● SOURCE RECORDS
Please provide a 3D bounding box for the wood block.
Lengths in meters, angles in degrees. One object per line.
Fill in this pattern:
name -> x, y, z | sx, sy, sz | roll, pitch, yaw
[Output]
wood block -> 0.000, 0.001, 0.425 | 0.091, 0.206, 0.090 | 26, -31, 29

● HOW TO COMPLETE THIS TASK
In the answer, restate word for word each line from the one with "Fill in this" through the end of the material above.

● RESPONSE TO THIS TASK
Fill in this pattern:
name -> x, y, z | sx, sy, sz | roll, pitch, yaw
[Output]
wood block -> 0.000, 0.001, 0.425 | 0.091, 0.206, 0.090 | 26, -31, 29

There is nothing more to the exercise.